Он шумно выдыхает, чувствуя себя пустеющим шариком, когда признаёт:
— Ты прав.
В чём бы ни был прав Чонгук — спорить с ним не имеет смысла. Тэхён дважды кивает, не в состоянии контролировать нервный тик, и идёт следом. Сейчас он переступит порог чужого дома. Сейчас он улыбнётся незнакомым людям. Сейчас он сделает первый шаг навстречу той судьбе, которую никогда не желал. Какой бы музыкой сопровождалась эта серия дорамы? Нагнетающей и нервной? И кадр обязательно замедлили бы, чтобы со всех ракурсов рассмотреть опущенную голову Тэхёна.
— Тён-и, — Чонгук останавливается так резко, что Тэхён едва не врезается в спину. Они стоят намного ближе, чем несколько минут назад, а крепкая ладонь находит себе место на шее. Сжимает, но не давит. Обозначает своё право на контроль. — Ты ведь знаешь, что я не сделаю тебе плохо? Каждый мой выбор, который я делаю за нас двоих, во благо.
— Да, — разве можно ответить иначе? Тэхён чувствует мягкое давление пальцев на шею — они перебирают кожу опасно рядом с пульсирующей веной. Всего одно маленькое, неосторожное движение, и его усыпят вечным сном.
Или Тэхён уже спит?
Спит и видит сон, где он принадлежит Чонгуку. Где все его действия направлены на одно: подчиняться, прогибаться и угождать. Тэхён прикрывает глаза и приоткрывает рот, вдыхая свежий, пропитанный запахом травы воздух. Может, он уже в земле, а на крышку его гроба кидают одну скупую жменю неплодородной почвы.
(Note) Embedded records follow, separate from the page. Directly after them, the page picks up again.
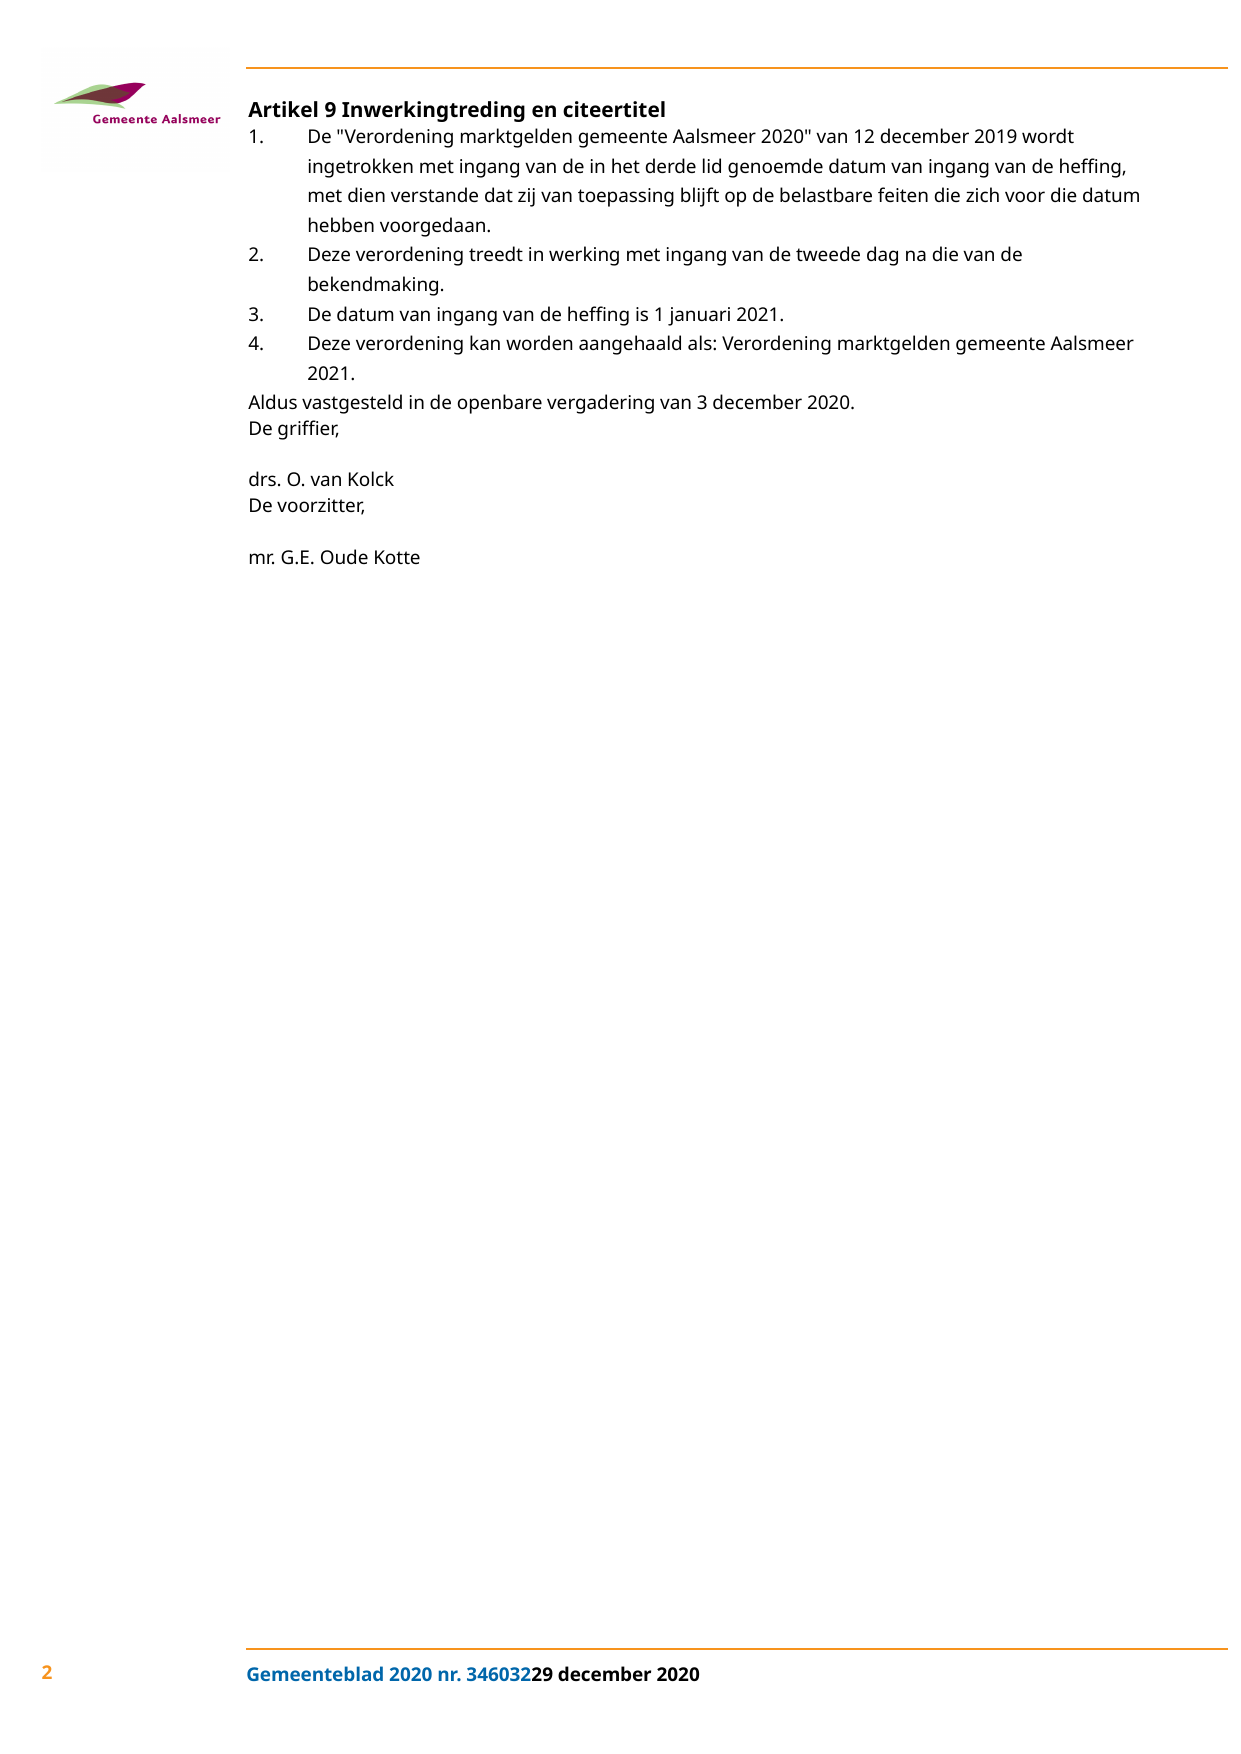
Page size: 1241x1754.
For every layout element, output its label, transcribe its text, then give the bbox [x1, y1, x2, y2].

list De datum van ingang van de heffing is 1 januari 2021. [248, 301, 1152, 326]
text Artikel 9 Inwerkingtreding en citeertitel [248, 95, 1152, 123]
text De griffier, [248, 415, 1152, 441]
list Deze verordening treedt in werking met ingang van de tweede dag na die van de bekendmaking. [248, 242, 1152, 297]
text Aldus vastgesteld in de openbare vergadering van 3 december 2020. [248, 389, 1152, 415]
text mr. G.E. Oude Kotte [248, 544, 1152, 569]
text De voorzitter, [248, 492, 1152, 518]
list Deze verordening kan worden aangehaald als: Verordening marktgelden gemeente Aalsmeer 2021. [248, 330, 1152, 386]
picture [41, 47, 231, 172]
list De "Verordening marktgelden gemeente Aalsmeer 2020" van 12 december 2019 wordt ingetrokken met ingang van de in het derde lid genoemde datum van ingang van de heffing, met dien verstande dat zij van toepassing blijft op de belastbare feiten die zich voor die datum hebben voorgedaan. [248, 123, 1152, 238]
text drs. O. van Kolck [248, 467, 1152, 492]
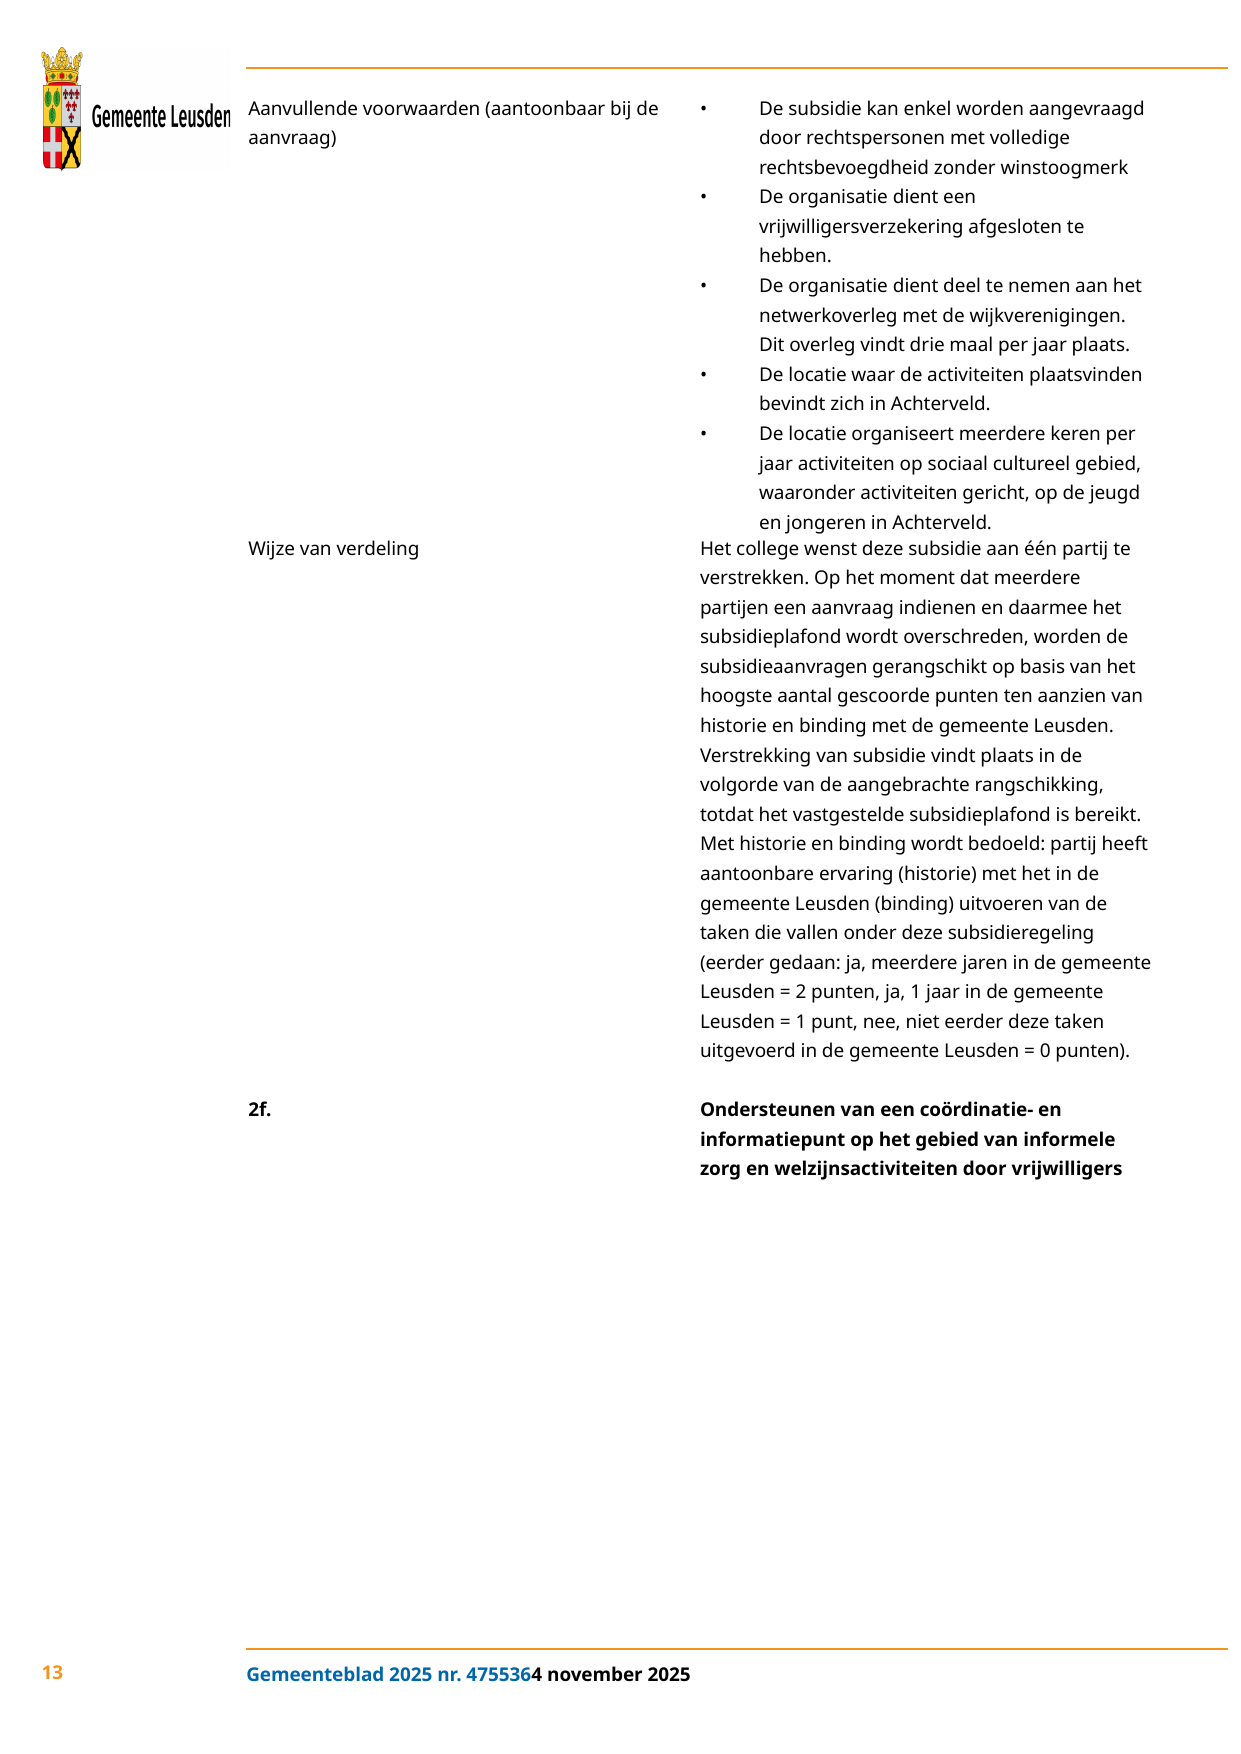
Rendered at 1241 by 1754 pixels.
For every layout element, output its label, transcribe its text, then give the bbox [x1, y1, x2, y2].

table_cell Aanvullende voorwaarden (aantoonbaar bij de aanvraag) [248, 95, 700, 535]
table_header Ondersteunen van een coördinatie- en informatiepunt op het gebied van informele zorg en welzijnsactiviteiten door vrijwilligers [700, 1096, 1152, 1181]
picture [41, 47, 231, 172]
table_cell Het college wenst deze subsidie aan één partij te verstrekken. Op het moment dat meerdere partijen een aanvraag indienen en daarmee het subsidieplafond wordt overschreden, worden de subsidieaanvragen gerangschikt op basis van het hoogste aantal gescoorde punten ten aanzien van historie en binding met de gemeente Leusden. Verstrekking van subsidie vindt plaats in de volgorde van de aangebrachte rangschikking, totdat het vastgestelde subsidieplafond is bereikt. Met historie en binding wordt bedoeld: partij heeft aantoonbare ervaring (historie) met het in de gemeente Leusden (binding) uitvoeren van de taken die vallen onder deze subsidieregeling (eerder gedaan: ja, meerdere jaren in de gemeente Leusden = 2 punten, ja, 1 jaar in de gemeente Leusden = 1 punt, nee, niet eerder deze taken uitgevoerd in de gemeente Leusden = 0 punten). [700, 535, 1152, 1063]
table_cell De subsidie kan enkel worden aangevraagd door rechtspersonen met volledige rechtsbevoegdheid zonder winstoogmerk De organisatie dient een vrijwilligersverzekering afgesloten te hebben. De organisatie dient deel te nemen aan het netwerkoverleg met de wijkverenigingen. Dit overleg vindt drie maal per jaar plaats. De locatie waar de activiteiten plaatsvinden bevindt zich in Achterveld. De locatie organiseert meerdere keren per jaar activiteiten op sociaal cultureel gebied, waaronder activiteiten gericht, op de jeugd en jongeren in Achterveld. [700, 95, 1152, 535]
table_header 2f. [248, 1096, 700, 1181]
table_cell Wijze van verdeling [248, 535, 700, 1063]

Почему-то нет сомнений: его будут хоронить тут.
Ленивые мысли, пропитанные нотками смерти, обрывает влажное касание к губам. Чонгук тянет его на себя, утягивает в поцелуй, толкается языком в рот и надавливает на нёбо. Так много действий — они столь насыщенные, в неподходящем месте, но такие необходимые. Всхлипнув, Тэхён прижимается, охотно отвечая. Их губы двигаются в едином ритме, и даже сейчас никто не выскакивает из-за двери, не мешается, не прерывает.
Их ждут.
С тем терпением, с которым Чонгук выслеживал его неделями.
— Нас ждут, — нехотя повторяет за Чонгуком Тэхён, когда они разрывают поцелуй. Они тратят несколько секунд, чтобы привести себя в порядок, а потом всё же входят в дом.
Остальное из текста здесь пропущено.